Listed entries:
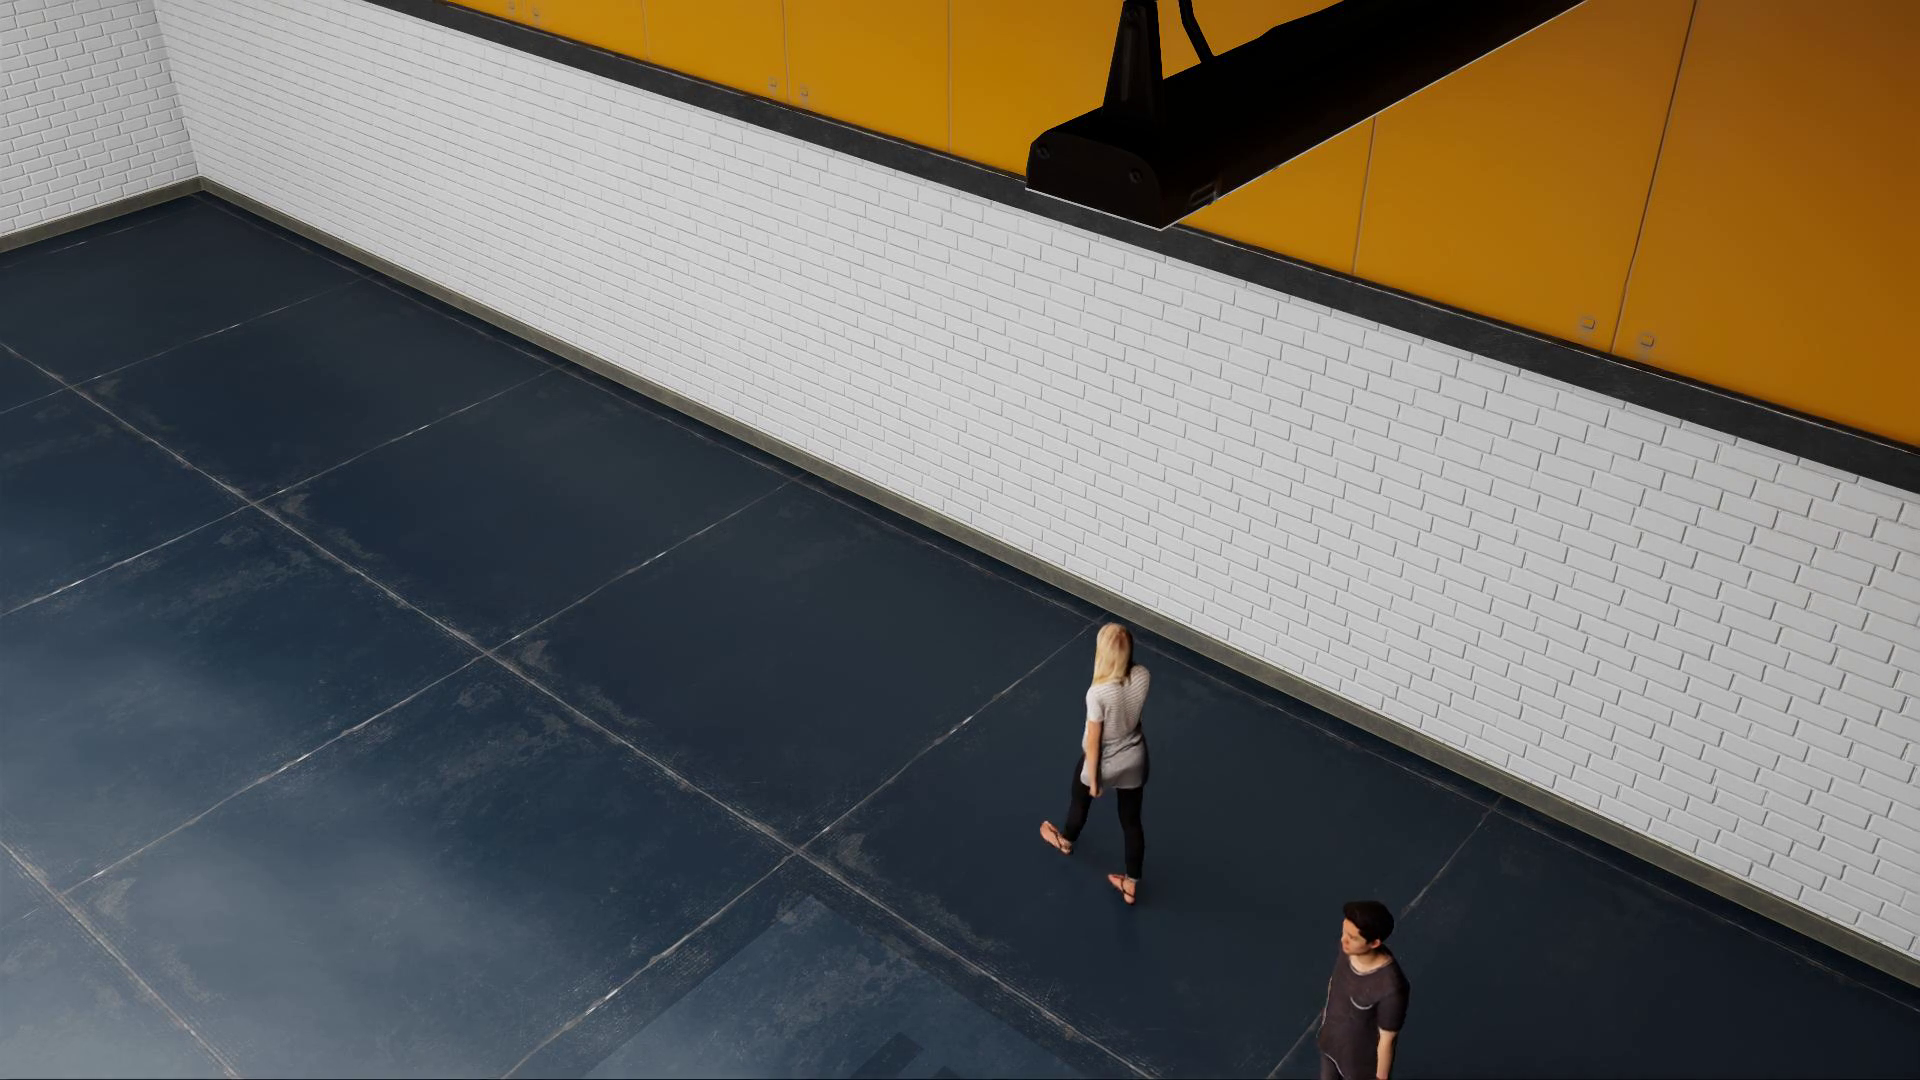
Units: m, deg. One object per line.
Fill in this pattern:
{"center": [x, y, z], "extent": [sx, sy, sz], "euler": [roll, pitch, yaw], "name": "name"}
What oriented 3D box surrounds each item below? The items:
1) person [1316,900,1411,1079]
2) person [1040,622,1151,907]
{"center": [1.891, 2.299, 7.657], "extent": [0.864, 1.703, 0.802], "euler": [-11, 35, -16], "name": "person"}
{"center": [0.916, 1.276, 9.112], "extent": [0.995, 1.797, 0.867], "euler": [-17, 37, -24], "name": "person"}

The problem:
Take the entries above and set them down exactly, minus the pictures.

Solution for this task:
Units: m, deg. One object per line.
Fill in this pattern:
{"center": [x, y, z], "extent": [sx, sy, sz], "euler": [roll, pitch, yaw], "name": "name"}
What oriented 3D box surrounds each item below? The items:
1) person [1316,900,1411,1079]
2) person [1040,622,1151,907]
{"center": [1.891, 2.299, 7.657], "extent": [0.864, 1.703, 0.802], "euler": [-11, 35, -16], "name": "person"}
{"center": [0.916, 1.276, 9.112], "extent": [0.995, 1.797, 0.867], "euler": [-17, 37, -24], "name": "person"}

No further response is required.